=== Begin Enclosure ===

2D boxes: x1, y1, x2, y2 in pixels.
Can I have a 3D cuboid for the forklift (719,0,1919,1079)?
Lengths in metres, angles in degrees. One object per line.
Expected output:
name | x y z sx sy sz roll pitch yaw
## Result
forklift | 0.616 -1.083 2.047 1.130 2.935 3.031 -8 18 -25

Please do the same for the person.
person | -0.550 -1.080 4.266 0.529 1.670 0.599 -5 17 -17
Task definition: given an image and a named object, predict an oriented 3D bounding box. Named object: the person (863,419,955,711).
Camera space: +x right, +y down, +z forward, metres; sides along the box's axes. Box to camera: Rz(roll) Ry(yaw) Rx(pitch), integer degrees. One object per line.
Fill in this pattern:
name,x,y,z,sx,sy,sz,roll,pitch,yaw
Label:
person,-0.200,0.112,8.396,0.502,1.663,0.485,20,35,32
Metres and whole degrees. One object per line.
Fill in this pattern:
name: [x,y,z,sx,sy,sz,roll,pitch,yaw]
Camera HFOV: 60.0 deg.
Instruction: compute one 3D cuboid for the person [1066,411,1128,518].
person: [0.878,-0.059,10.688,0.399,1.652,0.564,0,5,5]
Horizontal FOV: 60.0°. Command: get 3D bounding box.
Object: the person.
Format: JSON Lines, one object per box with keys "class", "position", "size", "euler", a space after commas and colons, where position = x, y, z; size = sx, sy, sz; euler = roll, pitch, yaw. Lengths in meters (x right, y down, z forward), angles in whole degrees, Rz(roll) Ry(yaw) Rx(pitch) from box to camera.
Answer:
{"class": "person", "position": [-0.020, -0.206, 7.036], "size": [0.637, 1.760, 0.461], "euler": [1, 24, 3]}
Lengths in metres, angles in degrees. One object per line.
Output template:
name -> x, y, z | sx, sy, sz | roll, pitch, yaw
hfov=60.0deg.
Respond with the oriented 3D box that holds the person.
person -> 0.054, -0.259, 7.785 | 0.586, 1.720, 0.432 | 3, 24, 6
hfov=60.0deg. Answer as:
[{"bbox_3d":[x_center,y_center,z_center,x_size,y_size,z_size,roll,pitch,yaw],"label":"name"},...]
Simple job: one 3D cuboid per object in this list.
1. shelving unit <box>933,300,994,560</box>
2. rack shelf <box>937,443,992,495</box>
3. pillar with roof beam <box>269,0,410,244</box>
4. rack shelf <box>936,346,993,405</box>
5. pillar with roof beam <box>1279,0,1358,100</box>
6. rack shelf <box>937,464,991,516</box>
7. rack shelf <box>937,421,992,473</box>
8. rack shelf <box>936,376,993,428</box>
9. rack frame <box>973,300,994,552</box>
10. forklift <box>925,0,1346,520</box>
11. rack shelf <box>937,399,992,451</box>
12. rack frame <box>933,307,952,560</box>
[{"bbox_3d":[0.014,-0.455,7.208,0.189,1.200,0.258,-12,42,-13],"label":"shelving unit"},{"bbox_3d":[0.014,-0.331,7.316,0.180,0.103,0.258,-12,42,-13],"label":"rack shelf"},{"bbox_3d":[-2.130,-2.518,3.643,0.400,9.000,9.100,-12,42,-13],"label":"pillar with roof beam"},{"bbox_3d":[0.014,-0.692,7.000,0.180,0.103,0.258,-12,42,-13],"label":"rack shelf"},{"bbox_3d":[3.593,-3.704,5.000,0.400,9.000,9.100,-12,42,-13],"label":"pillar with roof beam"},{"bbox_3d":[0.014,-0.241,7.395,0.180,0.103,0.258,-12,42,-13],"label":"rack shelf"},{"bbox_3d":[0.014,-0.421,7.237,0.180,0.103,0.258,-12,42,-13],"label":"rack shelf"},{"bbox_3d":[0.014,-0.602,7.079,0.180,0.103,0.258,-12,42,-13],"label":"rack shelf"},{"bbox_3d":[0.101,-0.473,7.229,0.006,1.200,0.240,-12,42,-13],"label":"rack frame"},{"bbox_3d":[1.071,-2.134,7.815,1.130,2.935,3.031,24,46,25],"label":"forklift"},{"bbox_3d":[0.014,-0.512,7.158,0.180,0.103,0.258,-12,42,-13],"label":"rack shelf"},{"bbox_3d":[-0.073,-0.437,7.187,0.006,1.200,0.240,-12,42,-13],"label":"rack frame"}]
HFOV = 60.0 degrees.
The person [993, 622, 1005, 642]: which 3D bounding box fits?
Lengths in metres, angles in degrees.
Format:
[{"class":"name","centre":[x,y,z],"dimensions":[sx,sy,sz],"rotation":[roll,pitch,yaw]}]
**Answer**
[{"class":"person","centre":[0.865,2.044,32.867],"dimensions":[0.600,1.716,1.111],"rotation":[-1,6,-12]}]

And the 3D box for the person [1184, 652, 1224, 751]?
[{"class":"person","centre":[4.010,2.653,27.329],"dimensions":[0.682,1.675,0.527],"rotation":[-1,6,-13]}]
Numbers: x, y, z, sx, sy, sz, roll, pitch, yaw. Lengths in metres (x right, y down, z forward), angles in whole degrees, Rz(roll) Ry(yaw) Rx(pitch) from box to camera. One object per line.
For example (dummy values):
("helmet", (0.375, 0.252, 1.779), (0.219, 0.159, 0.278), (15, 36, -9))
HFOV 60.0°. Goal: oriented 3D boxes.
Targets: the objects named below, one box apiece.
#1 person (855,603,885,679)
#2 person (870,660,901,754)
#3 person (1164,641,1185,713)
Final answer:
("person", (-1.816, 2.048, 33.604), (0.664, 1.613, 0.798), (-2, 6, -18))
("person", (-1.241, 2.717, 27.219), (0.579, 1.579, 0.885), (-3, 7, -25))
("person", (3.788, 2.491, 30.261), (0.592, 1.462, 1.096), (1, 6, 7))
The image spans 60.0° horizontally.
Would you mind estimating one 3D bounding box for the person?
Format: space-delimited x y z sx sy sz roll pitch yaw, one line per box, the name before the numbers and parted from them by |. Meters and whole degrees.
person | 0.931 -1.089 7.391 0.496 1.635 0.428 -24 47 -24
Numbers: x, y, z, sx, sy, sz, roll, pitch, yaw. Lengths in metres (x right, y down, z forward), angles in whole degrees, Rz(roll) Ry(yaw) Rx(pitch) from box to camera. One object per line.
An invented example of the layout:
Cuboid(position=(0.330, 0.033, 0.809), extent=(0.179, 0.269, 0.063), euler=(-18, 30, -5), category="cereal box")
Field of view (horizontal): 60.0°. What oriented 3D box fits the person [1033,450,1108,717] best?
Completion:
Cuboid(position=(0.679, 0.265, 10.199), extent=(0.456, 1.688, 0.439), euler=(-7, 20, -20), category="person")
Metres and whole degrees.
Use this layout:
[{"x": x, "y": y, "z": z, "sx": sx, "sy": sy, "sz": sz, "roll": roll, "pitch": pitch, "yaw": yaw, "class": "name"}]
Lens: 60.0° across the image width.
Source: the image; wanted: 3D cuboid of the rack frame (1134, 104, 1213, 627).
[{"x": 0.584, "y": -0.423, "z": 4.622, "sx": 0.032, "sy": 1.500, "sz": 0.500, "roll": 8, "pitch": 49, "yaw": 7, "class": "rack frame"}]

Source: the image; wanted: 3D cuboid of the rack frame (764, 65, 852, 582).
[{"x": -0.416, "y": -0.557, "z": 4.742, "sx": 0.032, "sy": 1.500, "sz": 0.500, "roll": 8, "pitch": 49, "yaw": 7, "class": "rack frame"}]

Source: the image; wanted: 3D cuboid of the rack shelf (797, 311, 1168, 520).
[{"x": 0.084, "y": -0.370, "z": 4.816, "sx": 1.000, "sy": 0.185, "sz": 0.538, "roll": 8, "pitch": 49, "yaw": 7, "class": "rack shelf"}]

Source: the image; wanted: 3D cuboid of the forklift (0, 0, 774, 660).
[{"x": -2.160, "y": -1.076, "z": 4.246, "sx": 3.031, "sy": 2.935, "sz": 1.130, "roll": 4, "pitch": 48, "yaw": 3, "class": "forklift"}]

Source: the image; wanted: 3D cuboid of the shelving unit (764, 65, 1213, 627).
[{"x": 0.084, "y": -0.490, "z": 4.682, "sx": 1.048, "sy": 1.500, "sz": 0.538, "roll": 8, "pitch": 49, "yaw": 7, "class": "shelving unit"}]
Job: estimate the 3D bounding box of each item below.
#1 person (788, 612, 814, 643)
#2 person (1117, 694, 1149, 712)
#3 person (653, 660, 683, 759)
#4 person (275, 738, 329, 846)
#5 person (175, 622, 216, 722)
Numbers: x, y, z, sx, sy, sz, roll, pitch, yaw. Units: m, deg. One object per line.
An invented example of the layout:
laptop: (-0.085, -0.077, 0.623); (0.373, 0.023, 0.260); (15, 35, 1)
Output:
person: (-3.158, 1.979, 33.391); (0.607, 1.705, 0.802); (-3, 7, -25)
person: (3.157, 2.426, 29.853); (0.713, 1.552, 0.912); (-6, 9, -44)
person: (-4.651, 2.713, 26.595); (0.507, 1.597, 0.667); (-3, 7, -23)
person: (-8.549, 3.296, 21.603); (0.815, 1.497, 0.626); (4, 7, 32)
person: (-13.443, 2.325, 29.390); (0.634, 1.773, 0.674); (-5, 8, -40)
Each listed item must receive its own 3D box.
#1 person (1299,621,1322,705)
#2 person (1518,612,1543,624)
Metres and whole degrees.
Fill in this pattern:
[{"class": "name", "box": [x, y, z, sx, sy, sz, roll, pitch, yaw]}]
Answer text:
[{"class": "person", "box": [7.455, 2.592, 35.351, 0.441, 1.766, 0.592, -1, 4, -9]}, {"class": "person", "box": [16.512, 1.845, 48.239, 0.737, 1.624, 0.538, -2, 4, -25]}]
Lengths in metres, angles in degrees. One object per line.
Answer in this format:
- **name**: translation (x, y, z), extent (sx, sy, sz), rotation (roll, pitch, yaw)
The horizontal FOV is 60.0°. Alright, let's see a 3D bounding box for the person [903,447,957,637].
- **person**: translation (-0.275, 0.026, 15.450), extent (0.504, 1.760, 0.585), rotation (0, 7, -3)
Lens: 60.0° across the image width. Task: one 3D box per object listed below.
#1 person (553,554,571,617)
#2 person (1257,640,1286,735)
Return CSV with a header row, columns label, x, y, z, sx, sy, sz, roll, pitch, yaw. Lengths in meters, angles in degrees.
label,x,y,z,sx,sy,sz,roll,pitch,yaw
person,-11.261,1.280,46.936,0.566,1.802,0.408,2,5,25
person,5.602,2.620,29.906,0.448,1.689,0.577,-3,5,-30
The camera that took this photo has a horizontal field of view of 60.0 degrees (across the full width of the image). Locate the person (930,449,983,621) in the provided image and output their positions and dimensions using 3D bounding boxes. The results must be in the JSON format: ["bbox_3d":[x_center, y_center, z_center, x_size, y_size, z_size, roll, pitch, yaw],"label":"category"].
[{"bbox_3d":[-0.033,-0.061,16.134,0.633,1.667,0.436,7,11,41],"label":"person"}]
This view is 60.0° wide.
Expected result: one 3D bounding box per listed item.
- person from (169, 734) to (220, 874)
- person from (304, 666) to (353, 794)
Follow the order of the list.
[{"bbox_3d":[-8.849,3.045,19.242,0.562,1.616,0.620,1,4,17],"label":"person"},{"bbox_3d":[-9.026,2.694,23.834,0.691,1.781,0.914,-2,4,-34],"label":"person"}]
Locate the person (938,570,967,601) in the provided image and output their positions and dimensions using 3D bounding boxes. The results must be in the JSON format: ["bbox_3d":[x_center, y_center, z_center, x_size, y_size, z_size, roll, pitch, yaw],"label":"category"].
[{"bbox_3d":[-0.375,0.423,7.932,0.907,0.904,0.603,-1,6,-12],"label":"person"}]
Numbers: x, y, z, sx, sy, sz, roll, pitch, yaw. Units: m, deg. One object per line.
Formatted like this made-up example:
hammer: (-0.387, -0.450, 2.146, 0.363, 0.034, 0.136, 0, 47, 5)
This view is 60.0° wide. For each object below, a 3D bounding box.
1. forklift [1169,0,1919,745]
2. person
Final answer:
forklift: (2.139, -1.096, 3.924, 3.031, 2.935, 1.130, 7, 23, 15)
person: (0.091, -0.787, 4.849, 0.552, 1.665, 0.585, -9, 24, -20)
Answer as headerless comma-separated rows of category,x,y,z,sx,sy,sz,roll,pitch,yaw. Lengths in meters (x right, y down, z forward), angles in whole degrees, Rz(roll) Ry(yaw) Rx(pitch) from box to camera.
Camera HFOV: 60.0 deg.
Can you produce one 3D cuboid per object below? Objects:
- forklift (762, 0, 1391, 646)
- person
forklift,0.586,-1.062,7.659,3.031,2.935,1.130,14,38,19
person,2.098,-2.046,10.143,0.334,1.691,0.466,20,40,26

=== End Enclosure ===

Using the data above, print exactly the lines from the line that contains "And the 3D box" through the line that contains "Would you mind", with both included.

And the 3D box for the person [1184, 652, 1224, 751]?
[{"class":"person","centre":[4.010,2.653,27.329],"dimensions":[0.682,1.675,0.527],"rotation":[-1,6,-13]}]
Numbers: x, y, z, sx, sy, sz, roll, pitch, yaw. Lengths in metres (x right, y down, z forward), angles in whole degrees, Rz(roll) Ry(yaw) Rx(pitch) from box to camera. One object per line.
For example (dummy values):
("helmet", (0.375, 0.252, 1.779), (0.219, 0.159, 0.278), (15, 36, -9))
HFOV 60.0°. Goal: oriented 3D boxes.
Targets: the objects named below, one box apiece.
#1 person (855,603,885,679)
#2 person (870,660,901,754)
#3 person (1164,641,1185,713)
Final answer:
("person", (-1.816, 2.048, 33.604), (0.664, 1.613, 0.798), (-2, 6, -18))
("person", (-1.241, 2.717, 27.219), (0.579, 1.579, 0.885), (-3, 7, -25))
("person", (3.788, 2.491, 30.261), (0.592, 1.462, 1.096), (1, 6, 7))
The image spans 60.0° horizontally.
Would you mind estimating one 3D bounding box for the person?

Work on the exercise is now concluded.